Historic posts are reprinted verbatim from their original source.
Source: Editorial Desk, The New York Times, February 19, 2003
One of the most pervasive chemicals in modern agriculture is a herbicide called glyphosate, which is better known by its trade name, Roundup. When it was first introduced in 1974, by Monsanto, no one could have predicted its current ubiquity or the way it would change farming. Roundup was safe, effective and relatively benign, environmentally speaking. It became one of the essential tools that made no-till farming — a conservation practice in which farmers spray weeds rather than plowing the ground — increasingly popular. But what really made Roundup pervasive was the development of genetically modified crops, especially soybeans, cotton and corn, that could tolerate having Roundup sprayed directly on them. The weeds died but these crops, designated Roundup Ready, thrived. Seventy-five percent of the soybean crop planted in this country last year was Roundup Ready, as was 65 percent of the cotton and 10 percent of the corn. On soybeans alone last year, farmers sprayed about 33 million pounds of glyphosate. But nature, in turn, has been developing some Roundup Ready plants of her own, weeds that can tolerate being sprayed with Roundup. Two weeds, mare’s-tail and water hemp, have already begun to show resistance, and others will certainly follow. This is simply natural adaptation at work. No one is saying that Roundup will lose its overall effectiveness any time soon. But while Monsanto executives and scientists are doing their best to protect the herbicide, nature is also throwing all her resources at defeating it. In a very real sense, nature has been given an enormous advantage by the sheer ubiquity of Roundup, just as some bacteria are given an edge by the ubiquity of agricultural antibiotics. The logic of industrial farming is to use your best tools until they’re worthless, and to hasten their worthlessness by using them as much as you can.
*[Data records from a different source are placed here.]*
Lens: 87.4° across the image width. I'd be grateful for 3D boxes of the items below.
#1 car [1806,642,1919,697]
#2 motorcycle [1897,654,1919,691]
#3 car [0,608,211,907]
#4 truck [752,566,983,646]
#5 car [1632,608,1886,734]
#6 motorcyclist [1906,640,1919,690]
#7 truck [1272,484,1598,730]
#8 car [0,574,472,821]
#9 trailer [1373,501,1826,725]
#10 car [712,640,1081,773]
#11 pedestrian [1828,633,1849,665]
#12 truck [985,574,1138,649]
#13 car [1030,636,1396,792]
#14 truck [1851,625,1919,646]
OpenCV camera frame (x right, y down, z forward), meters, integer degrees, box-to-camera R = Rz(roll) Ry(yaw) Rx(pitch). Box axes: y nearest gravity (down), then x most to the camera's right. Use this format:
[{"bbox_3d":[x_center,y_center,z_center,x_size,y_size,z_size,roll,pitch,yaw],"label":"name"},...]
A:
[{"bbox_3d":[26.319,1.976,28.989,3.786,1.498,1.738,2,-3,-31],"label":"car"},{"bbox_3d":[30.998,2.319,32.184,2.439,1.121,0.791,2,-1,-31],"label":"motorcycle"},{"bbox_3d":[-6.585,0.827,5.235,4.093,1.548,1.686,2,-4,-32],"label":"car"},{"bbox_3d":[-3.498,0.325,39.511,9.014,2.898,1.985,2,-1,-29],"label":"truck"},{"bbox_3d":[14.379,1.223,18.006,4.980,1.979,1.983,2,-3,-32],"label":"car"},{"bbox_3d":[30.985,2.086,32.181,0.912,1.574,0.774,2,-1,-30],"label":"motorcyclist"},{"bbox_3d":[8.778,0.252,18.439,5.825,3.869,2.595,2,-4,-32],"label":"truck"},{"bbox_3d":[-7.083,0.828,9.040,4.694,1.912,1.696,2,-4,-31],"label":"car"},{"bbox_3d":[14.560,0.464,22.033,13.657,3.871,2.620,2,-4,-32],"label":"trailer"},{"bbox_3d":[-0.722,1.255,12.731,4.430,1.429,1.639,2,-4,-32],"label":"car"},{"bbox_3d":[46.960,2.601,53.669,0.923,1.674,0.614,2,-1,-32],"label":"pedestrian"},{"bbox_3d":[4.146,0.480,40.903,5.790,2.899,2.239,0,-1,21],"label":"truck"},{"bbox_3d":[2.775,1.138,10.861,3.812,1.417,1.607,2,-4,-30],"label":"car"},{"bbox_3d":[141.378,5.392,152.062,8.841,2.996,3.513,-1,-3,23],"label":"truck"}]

This is precisely why there has been so much opposition to marketing a variety of corn that includes a BT gene, which creates a toxin that kills an insect called the corn-borer. BT is a safe, natural and effective weapon for gardeners and farmers, and to lessen its effectiveness by overusing it, like Roundup, would be a terrible waste. Industrial agriculture is always searching for a silver bullet, forgetting that eventually a silver bullet misfires.